If the top peer's download queue time is more than 2 seconds, the loop is terminated. This is to not over-request. request_time_critical_pieces() is called once per second, so this will keep the queue full with margin.
Each peer maintains the number of bytes that have been requested from it but not yet been received. This is referred to as outstanding_bytes. This number is incremented by the size of each outgoing request and decremented for each payload byte received.
This counter is divided by an estimated download rate from the peer to form the estimated download queue time. That is, the estimated time it will take any new request to this peer to begin being received.
The estimated download rate of a peer is not trivial. There may not be any outstanding requests to the peer, in which case the payload download rate will be zero. That would not be a reasonable estimate of the rate we would see once we make a request.
If we have not received any payload from a peer in the last 30 seconds, we must use an alternative estimate of the download rate. If we have received payload from this peer previously, we can use the peak download rate.
If we have received less than 2 blocks (32 kiB) and we have been unchoked for less than 5 seconds ago, use the average download rate of all peers (that have outstanding requests).
An observation that is useful to keep in mind when streaming is that your download capacity is likely to be saturated by your peers. In this case, if the swarm is well seeded, most peers will send data to you at close to the same rate. This makes it important to support streaming from many slow peers. For instance, this means you can't make assumptions about the download time of a block being less than some absolute time. You may be downloading at well above the bit rate of the video, but each individual peer only transfers at 5 kiB/s.
In this state, your download rate is a zero-sum-game. Any block you request that is not urgent, will take away from the bandwidth you get for peers that are urgent. Make sure to limit requests to useful blocks only.
Some requests will stall. It appears to be very hard to have enough accuracy in the prediction of download queue time such that all requests come back within a reasonable amount of time.
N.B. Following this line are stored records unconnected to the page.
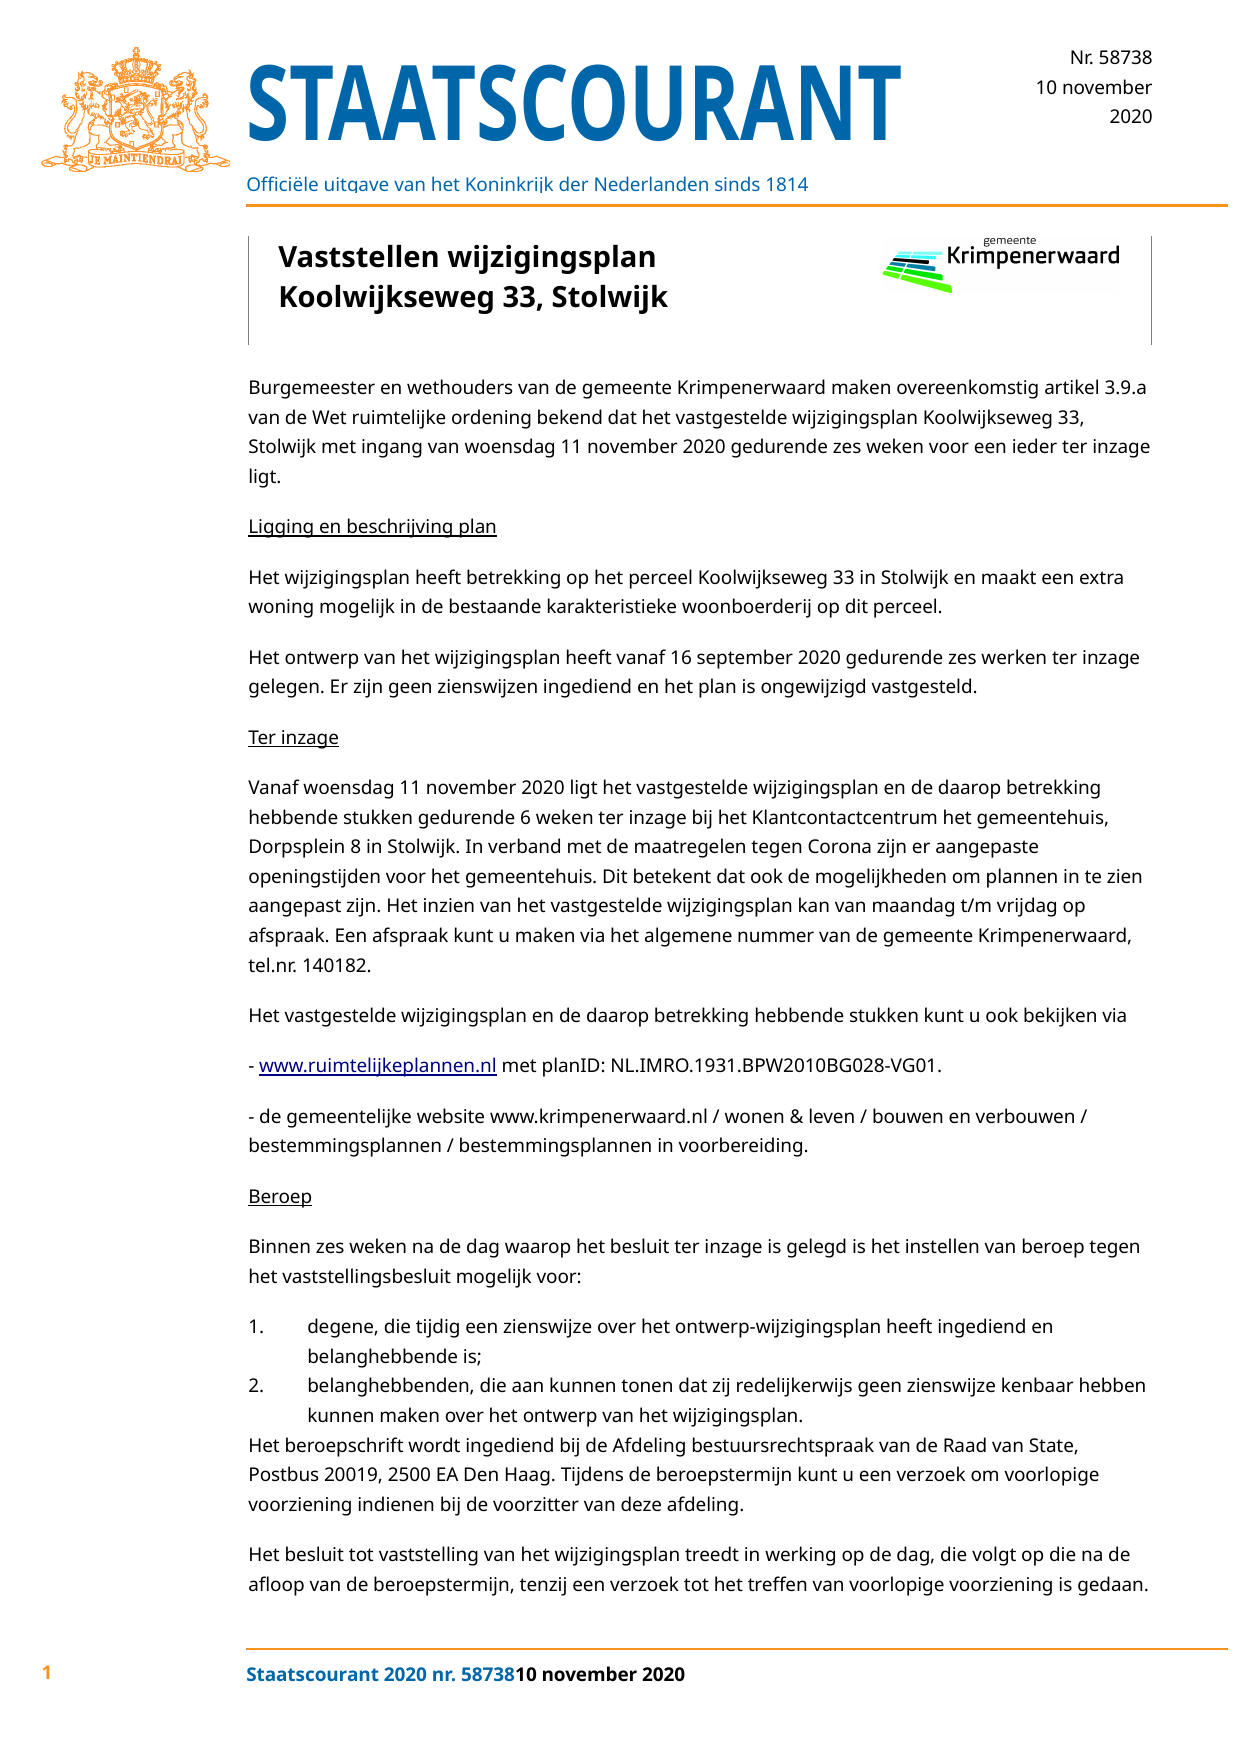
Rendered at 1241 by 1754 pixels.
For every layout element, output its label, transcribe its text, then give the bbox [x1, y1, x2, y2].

list belanghebbenden, die aan kunnen tonen dat zij redelijkerwijs geen zienswijze kenbaar hebben kunnen maken over het ontwerp van het wijzigingsplan. [248, 1373, 1152, 1428]
list degene, die tijdig een zienswijze over het ontwerp-wijzigingsplan heeft ingediend en belanghebbende is; [248, 1313, 1152, 1369]
text Het besluit tot vaststelling van het wijzigingsplan treedt in werking op de dag, die volgt op die na de afloop van de beroepstermijn, tenzij een verzoek tot het treffen van voorlopige voorziening is gedaan. [248, 1541, 1152, 1597]
text Het ontwerp van het wijzigingsplan heeft vanaf 16 september 2020 gedurende zes werken ter inzage gelegen. Er zijn geen zienswijzen ingediend en het plan is ongewijzigd vastgesteld. [248, 644, 1152, 699]
text Ligging en beschrijving plan [248, 513, 1152, 539]
text Ter inzage [248, 724, 1152, 749]
text Beroep [248, 1183, 1152, 1209]
text Vanaf woensdag 11 november 2020 ligt het vastgestelde wijzigingsplan en de daarop betrekking hebbende stukken gedurende 6 weken ter inzage bij het Klantcontactcentrum het gemeentehuis, Dorpsplein 8 in Stolwijk. In verband met de maatregelen tegen Corona zijn er aangepaste openingstijden voor het gemeentehuis. Dit betekent dat ook de mogelijkheden om plannen in te zien aangepast zijn. Het inzien van het vastgestelde wijzigingsplan kan van maandag t/m vrijdag op afspraak. Een afspraak kunt u maken via het algemene nummer van de gemeente Krimpenerwaard, tel.nr. 140182. [248, 774, 1152, 977]
text - de gemeentelijke website www.krimpenerwaard.nl / wonen & leven / bouwen en verbouwen / bestemmingsplannen / bestemmingsplannen in voorbereiding. [248, 1103, 1152, 1158]
table_header Vaststellen wijzigingsplan Koolwijkseweg 33, Stolwijk [249, 236, 850, 345]
picture [882, 236, 1119, 293]
text Het beroepschrift wordt ingediend bij de Afdeling bestuursrechtspraak van de Raad van State, Postbus 20019, 2500 EA Den Haag. Tijdens de beroepstermijn kunt u een verzoek om voorlopige voorziening indienen bij de voorzitter van deze afdeling. [248, 1432, 1152, 1517]
text Binnen zes weken na de dag waarop het besluit ter inzage is gelegd is het instellen van beroep tegen het vaststellingsbesluit mogelijk voor: [248, 1233, 1152, 1289]
text Burgemeester en wethouders van de gemeente Krimpenerwaard maken overeenkomstig artikel 3.9.a van de Wet ruimtelijke ordening bekend dat het vastgestelde wijzigingsplan Koolwijkseweg 33, Stolwijk met ingang van woensdag 11 november 2020 gedurende zes weken voor een ieder ter inzage ligt. [248, 374, 1152, 489]
text Het vastgestelde wijzigingsplan en de daarop betrekking hebbende stukken kunt u ook bekijken via [248, 1002, 1152, 1028]
table_header [850, 236, 1151, 345]
text - www.ruimtelijkeplannen.nl met planID: NL.IMRO.1931.BPW2010BG028-VG01. [248, 1053, 1152, 1078]
text Het wijzigingsplan heeft betrekking op het perceel Koolwijkseweg 33 in Stolwijk en maakt een extra woning mogelijk in de bestaande karakteristieke woonboerderij op dit perceel. [248, 564, 1152, 619]
picture [41, 47, 231, 172]
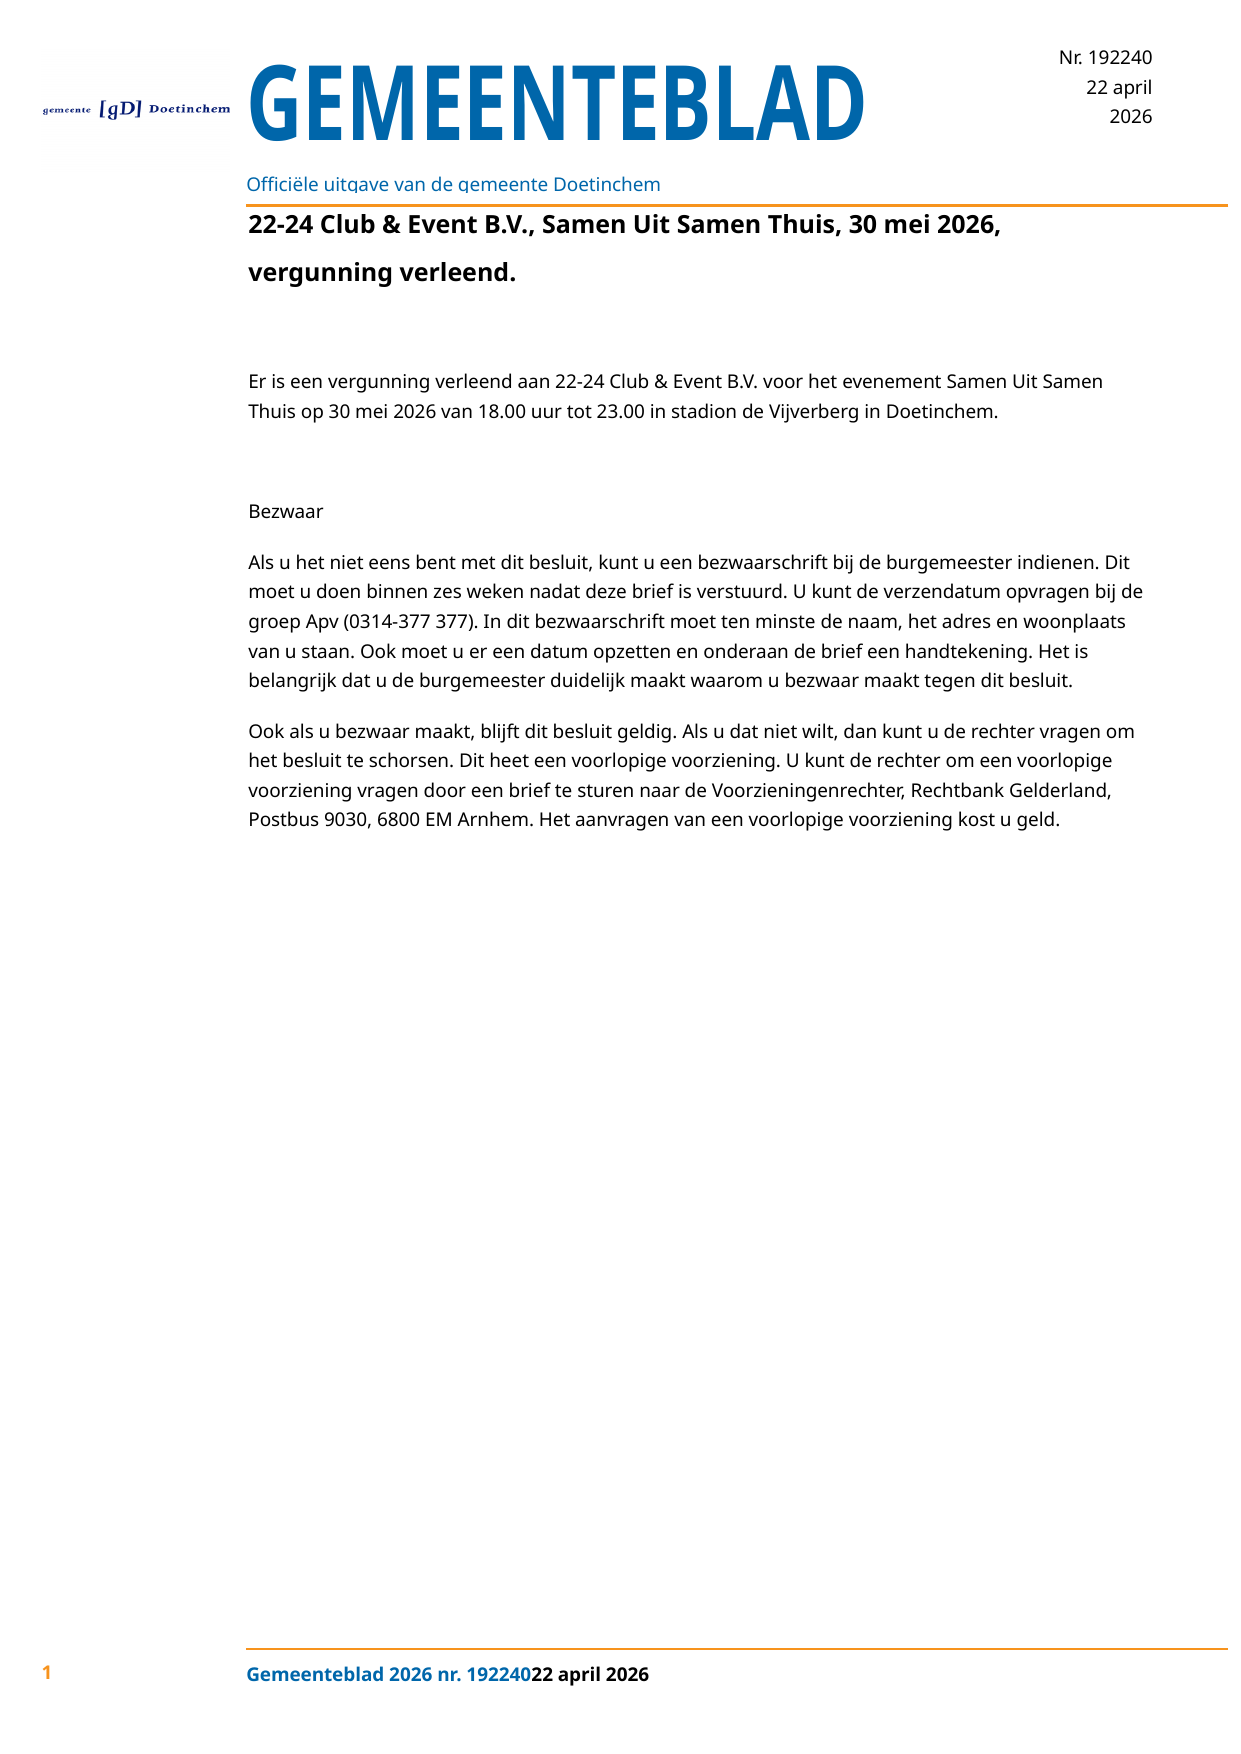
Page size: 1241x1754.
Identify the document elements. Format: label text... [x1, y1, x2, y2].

text Ook als u bezwaar maakt, blijft dit besluit geldig. Als u dat niet wilt, dan kunt u de rechter vragen om het besluit te schorsen. Dit heet een voorlopige voorziening. U kunt de rechter om een voorlopige voorziening vragen door een brief te sturen naar de Voorzieningenrechter, Rechtbank Gelderland, Postbus 9030, 6800 EM Arnhem. Het aanvragen van een voorlopige voorziening kost u geld. [248, 718, 1152, 832]
text Er is een vergunning verleend aan 22-24 Club & Event B.V. voor het evenement Samen Uit Samen Thuis op 30 mei 2026 van 18.00 uur tot 23.00 in stadion de Vijverberg in Doetinchem. [248, 368, 1152, 424]
text Als u het niet eens bent met dit besluit, kunt u een bezwaarschrift bij de burgemeester indienen. Dit moet u doen binnen zes weken nadat deze brief is verstuurd. U kunt de verzendatum opvragen bij de groep Apv (0314-377 377). In dit bezwaarschrift moet ten minste de naam, het adres en woonplaats van u staan. Ook moet u er een datum opzetten en onderaan de brief een handtekening. Het is belangrijk dat u de burgemeester duidelijk maakt waarom u bezwaar maakt tegen dit besluit. [248, 549, 1152, 693]
text Bezwaar [248, 499, 1152, 524]
picture [41, 47, 231, 172]
text 22-24 Club & Event B.V., Samen Uit Samen Thuis, 30 mei 2026, vergunning verleend. [248, 207, 1152, 288]

To support adaptive timeouts, each torrent maintains a running average of how long it takes to complete a piece. There is also a running average of the deviation from the mean download time.
This download time is used as the benchmark to determine when blocks have timed out, and should be re-requested from another peer.
If any time-critical piece has taken more than the average piece download time + a half average deviation form that, the piece is considered to have timed out. This means we are allowed to double-request blocks. Subsequent passes over this piece will make sure that any blocks we don't already have are requested one more time.
In fact, this scales to multiple time-outs. The time since a download was started is divided by average download time + average deviation time / 2. The resulting integer is the number if times the piece has timed out.
Each time a piece times out, another busy request is allowed to try to make it complete sooner. A busy request is where a block is requested from a peer even though it has already been requested from another peer.
This has the effect of getting more and more aggressive in requesting blocks the longer it takes to complete the piece. If this mechanism is too aggressive, a significant amount of bandwidth may be lost in redundant download (keep in mind the zero-sum game).
It never makes sense to request a block twice from the same peer. There is logic in place to prevent this.
One optimization is to buffer all piece requests while looping over the time- critical pieces and not send them until one round is complete. This increases the chances that the request messages are coalesced into the same packet. This in turn lowers the number of system calls and network overhead.